Exercise objective: Please take the records that follow and repeat exactly the lines starting with the line with "#2 box [154,0,326,177]" and going on through the line with "#9 sneaker [304,12,327,18]".

Source data:
******
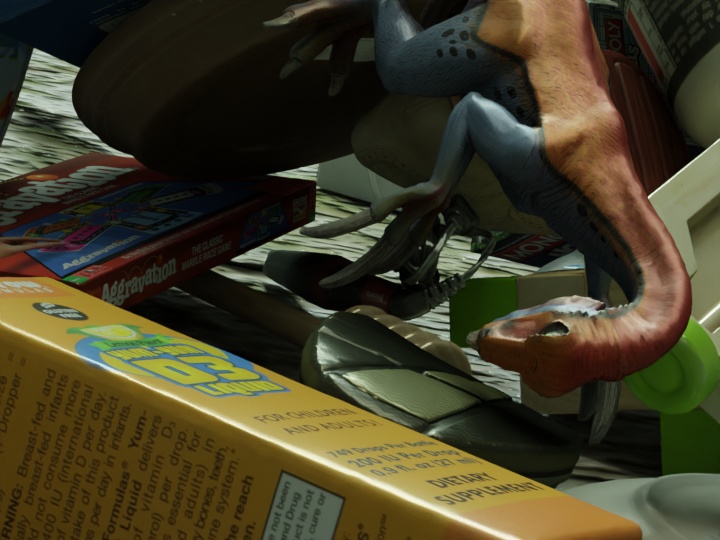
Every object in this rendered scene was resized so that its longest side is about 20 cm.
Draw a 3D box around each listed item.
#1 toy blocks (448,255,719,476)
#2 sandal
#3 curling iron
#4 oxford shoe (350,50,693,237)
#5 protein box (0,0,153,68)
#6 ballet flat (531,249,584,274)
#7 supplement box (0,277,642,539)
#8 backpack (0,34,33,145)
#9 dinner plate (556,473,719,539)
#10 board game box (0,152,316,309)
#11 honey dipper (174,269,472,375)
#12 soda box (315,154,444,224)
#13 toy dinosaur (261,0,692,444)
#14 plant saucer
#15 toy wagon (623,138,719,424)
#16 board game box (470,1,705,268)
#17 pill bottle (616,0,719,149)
[{"bbox_3d":[0.146,0.022,0.998,0.200,0.100,0.137,-2,1,14],"label":"toy blocks"},{"bbox_3d":[0.022,0.059,0.787,0.080,0.057,0.201,29,-3,11],"label":"sandal"},{"bbox_3d":[0.000,0.000,1.010,0.026,0.050,0.200,51,-17,-11],"label":"curling iron"},{"bbox_3d":[0.069,-0.045,1.017,0.075,0.071,0.200,-22,-25,28],"label":"oxford shoe"},{"bbox_3d":[-0.025,-0.164,0.971,0.198,0.135,0.200,-22,-14,17],"label":"protein box"},{"bbox_3d":[0.150,0.006,1.156,0.200,0.073,0.073,9,13,-26],"label":"ballet flat"},{"bbox_3d":[-0.035,0.060,0.663,0.200,0.069,0.067,19,10,30],"label":"supplement box"},{"bbox_3d":[-0.209,-0.129,1.019,0.147,0.200,0.183,24,14,41],"label":"backpack"},{"bbox_3d":[0.149,0.098,0.829,0.200,0.024,0.200,13,11,-3],"label":"dinner plate"},{"bbox_3d":[-0.101,-0.014,0.969,0.103,0.019,0.200,7,14,21],"label":"board game box"},{"bbox_3d":[-0.037,0.015,0.967,0.038,0.038,0.200,5,13,-41],"label":"honey dipper"},{"bbox_3d":[0.083,-0.048,1.349,0.200,0.064,0.068,17,12,14],"label":"soda box"},{"bbox_3d":[0.043,-0.045,0.771,0.105,0.200,0.181,0,21,-30],"label":"toy dinosaur"},{"bbox_3d":[-0.007,-0.080,0.970,0.200,0.029,0.200,-17,-15,-5],"label":"plant saucer"},{"bbox_3d":[0.177,0.036,0.851,0.200,0.040,0.155,43,47,12],"label":"toy wagon"},{"bbox_3d":[0.147,-0.052,1.176,0.200,0.062,0.200,14,-24,-32],"label":"board game box"},{"bbox_3d":[0.162,-0.117,1.054,0.116,0.116,0.200,1,58,-49],"label":"pill bottle"}]
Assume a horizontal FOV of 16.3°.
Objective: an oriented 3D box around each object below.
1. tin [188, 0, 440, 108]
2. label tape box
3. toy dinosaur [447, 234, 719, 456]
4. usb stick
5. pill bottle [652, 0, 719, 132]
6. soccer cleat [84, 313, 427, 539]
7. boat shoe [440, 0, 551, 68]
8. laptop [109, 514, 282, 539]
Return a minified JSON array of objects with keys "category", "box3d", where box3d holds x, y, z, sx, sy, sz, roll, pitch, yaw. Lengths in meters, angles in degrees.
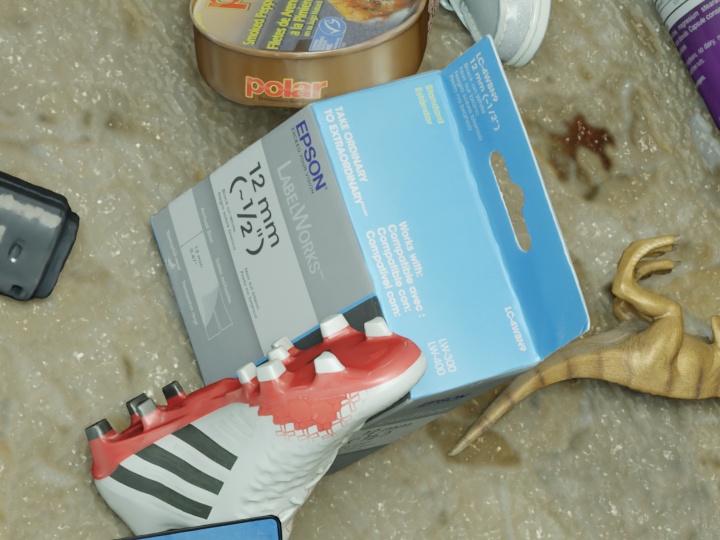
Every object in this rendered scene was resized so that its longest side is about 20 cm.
[{"category":"tin","box3d":[-0.018,-0.136,1.219,0.112,0.042,0.200,6,33,7]},{"category":"label tape box","box3d":[0.000,0.000,1.136,0.066,0.200,0.143,-8,74,-40]},{"category":"toy dinosaur","box3d":[0.142,0.040,1.276,0.200,0.060,0.106,5,70,-24]},{"category":"usb stick","box3d":[-0.226,-0.040,1.137,0.200,0.033,0.056,21,98,-18]},{"category":"pill bottle","box3d":[0.221,-0.143,1.354,0.112,0.112,0.200,-21,81,-31]},{"category":"soccer cleat","box3d":[-0.038,0.079,1.099,0.069,0.200,0.085,-35,101,-50]},{"category":"boat shoe","box3d":[0.047,-0.196,1.316,0.065,0.074,0.202,-8,70,-22]},{"category":"laptop","box3d":[-0.109,0.214,1.016,0.200,0.116,0.188,-28,113,-71]}]
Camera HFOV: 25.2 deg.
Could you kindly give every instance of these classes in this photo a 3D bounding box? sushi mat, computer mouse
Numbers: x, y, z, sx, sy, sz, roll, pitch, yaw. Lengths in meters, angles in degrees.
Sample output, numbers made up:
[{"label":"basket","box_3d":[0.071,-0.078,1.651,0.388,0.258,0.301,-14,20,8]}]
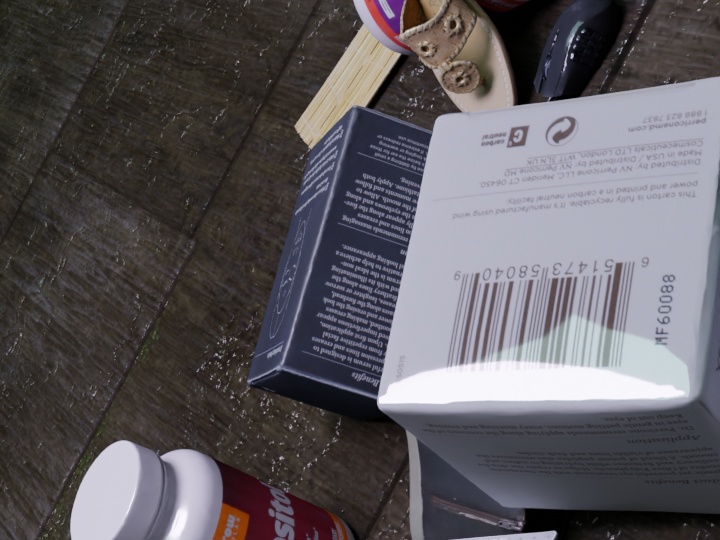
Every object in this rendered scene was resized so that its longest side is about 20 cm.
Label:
[{"label":"sushi mat","box_3d":[0.009,-0.197,1.499,0.201,0.012,0.096,-56,34,11]},{"label":"computer mouse","box_3d":[0.134,-0.131,1.250,0.201,0.034,0.059,-59,33,6]}]

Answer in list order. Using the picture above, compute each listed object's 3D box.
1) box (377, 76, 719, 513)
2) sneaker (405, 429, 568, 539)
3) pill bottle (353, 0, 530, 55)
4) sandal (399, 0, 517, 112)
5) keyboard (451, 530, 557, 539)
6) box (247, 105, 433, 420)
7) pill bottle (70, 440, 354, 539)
[{"label":"box","box_3d":[0.147,0.022,0.941,0.197,0.171,0.202,-5,60,34]},{"label":"sneaker","box_3d":[0.085,0.099,1.073,0.105,0.074,0.203,-4,93,46]},{"label":"pill bottle","box_3d":[0.089,-0.261,1.339,0.199,0.112,0.114,-20,50,47]},{"label":"sandal","box_3d":[0.051,-0.203,1.269,0.077,0.069,0.214,-16,97,47]},{"label":"keyboard","box_3d":[0.043,0.197,1.048,0.199,0.011,0.056,-15,25,46]},{"label":"box","box_3d":[0.000,0.000,1.213,0.148,0.106,0.203,152,135,-75]},{"label":"pill bottle","box_3d":[-0.107,0.201,1.180,0.113,0.199,0.114,-34,41,36]}]
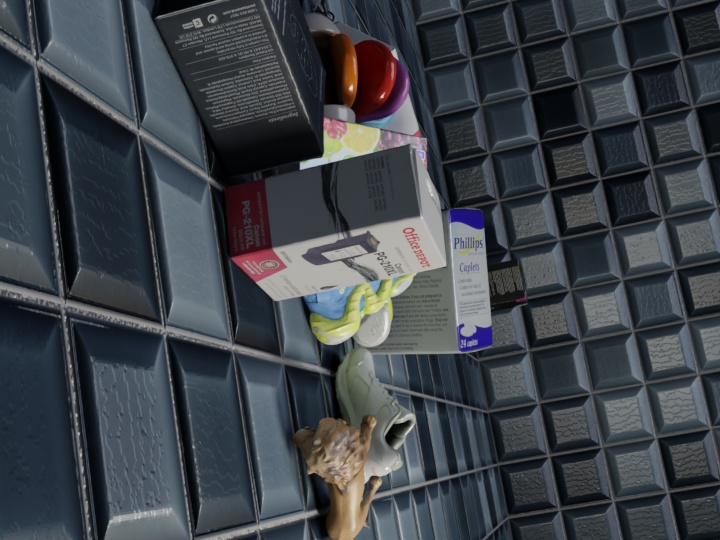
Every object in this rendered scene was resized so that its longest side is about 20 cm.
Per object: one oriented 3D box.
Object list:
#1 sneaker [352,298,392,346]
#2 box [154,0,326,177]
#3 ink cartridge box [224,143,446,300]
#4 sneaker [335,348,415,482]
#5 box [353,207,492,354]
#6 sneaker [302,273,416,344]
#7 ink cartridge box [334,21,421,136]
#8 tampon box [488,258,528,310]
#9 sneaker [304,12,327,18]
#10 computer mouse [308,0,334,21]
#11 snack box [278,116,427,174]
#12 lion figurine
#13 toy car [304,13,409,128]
[{"bbox_3d":[0.000,0.000,1.479,0.105,0.075,0.201,-54,131,-77],"label":"sneaker"},{"bbox_3d":[-0.113,-0.223,1.072,0.149,0.107,0.200,-92,165,-46],"label":"box"},{"bbox_3d":[-0.021,-0.045,1.108,0.145,0.199,0.085,53,27,-66],"label":"ink cartridge box"},{"bbox_3d":[0.022,0.183,1.366,0.078,0.099,0.201,66,16,-48],"label":"sneaker"},{"bbox_3d":[0.084,0.017,1.536,0.105,0.183,0.201,-5,91,-53],"label":"box"},{"bbox_3d":[-0.001,-0.002,1.346,0.200,0.076,0.105,-47,117,-37],"label":"sneaker"},{"bbox_3d":[0.005,-0.263,1.642,0.146,0.085,0.200,35,-21,41],"label":"ink cartridge box"},{"bbox_3d":[0.404,0.056,3.280,0.150,0.199,0.127,35,44,-74],"label":"tampon box"},{"bbox_3d":[-0.064,-0.266,1.530,0.079,0.075,0.201,135,-49,-86],"label":"sneaker"},{"bbox_3d":[-0.081,-0.454,1.685,0.110,0.044,0.201,-83,165,-48],"label":"computer mouse"},{"bbox_3d":[-0.007,-0.103,1.294,0.199,0.053,0.143,5,85,-39],"label":"snack box"},{"bbox_3d":[-0.018,0.239,1.182,0.123,0.072,0.201,-65,147,-61],"label":"lion figurine"},{"bbox_3d":[-0.013,-0.239,1.389,0.200,0.149,0.176,35,43,-71],"label":"toy car"}]
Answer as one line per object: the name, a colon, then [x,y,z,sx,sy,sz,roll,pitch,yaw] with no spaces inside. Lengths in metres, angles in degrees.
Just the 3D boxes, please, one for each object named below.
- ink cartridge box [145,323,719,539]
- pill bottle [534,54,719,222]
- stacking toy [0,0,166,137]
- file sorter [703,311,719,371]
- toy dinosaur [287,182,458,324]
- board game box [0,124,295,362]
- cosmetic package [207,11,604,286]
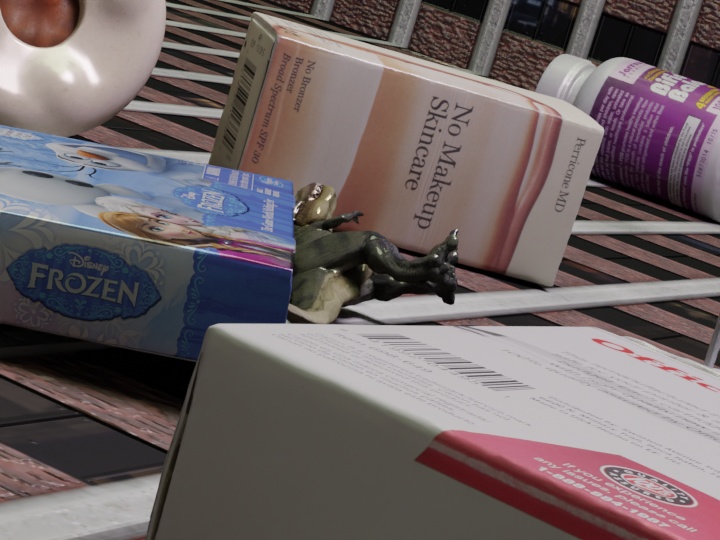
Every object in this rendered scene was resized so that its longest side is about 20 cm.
ink cartridge box: [0.061,0.074,0.574,0.145,0.085,0.200,23,13,32]
pill bottle: [0.256,-0.126,2.014,0.199,0.113,0.112,22,10,26]
stacking toy: [-0.208,-0.140,1.315,0.145,0.147,0.200,14,-9,-22]
file sorter: [0.273,0.041,1.036,0.138,0.125,0.200,11,11,-30]
toy dinosaur: [0.000,0.000,1.013,0.087,0.048,0.200,-1,12,0]
board game box: [-0.124,-0.019,0.847,0.198,0.044,0.200,10,10,-4]
cosmetic package: [0.024,-0.069,1.285,0.199,0.104,0.087,13,12,-17]
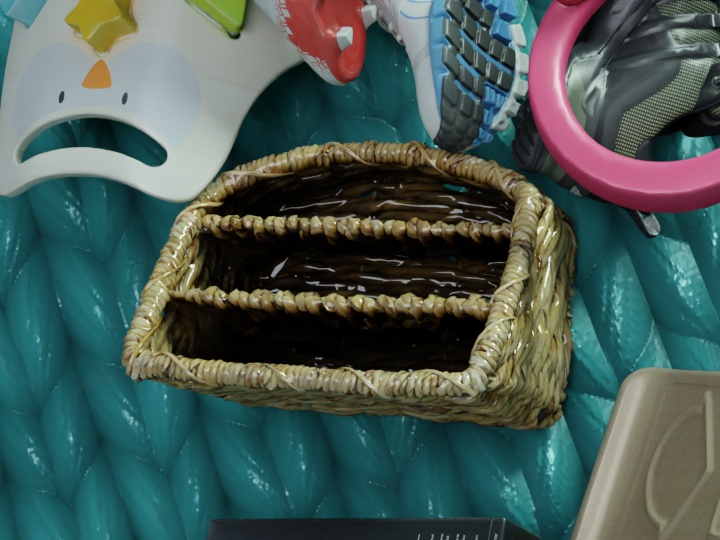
******
Task solution:
#2 box [154,0,326,177]
#3 ink cartridge box [224,143,446,300]
#4 sneaker [335,348,415,482]
#5 box [353,207,492,354]
#6 sneaker [302,273,416,344]
#7 ink cartridge box [334,21,421,136]
#8 tampon box [488,258,528,310]
#9 sneaker [304,12,327,18]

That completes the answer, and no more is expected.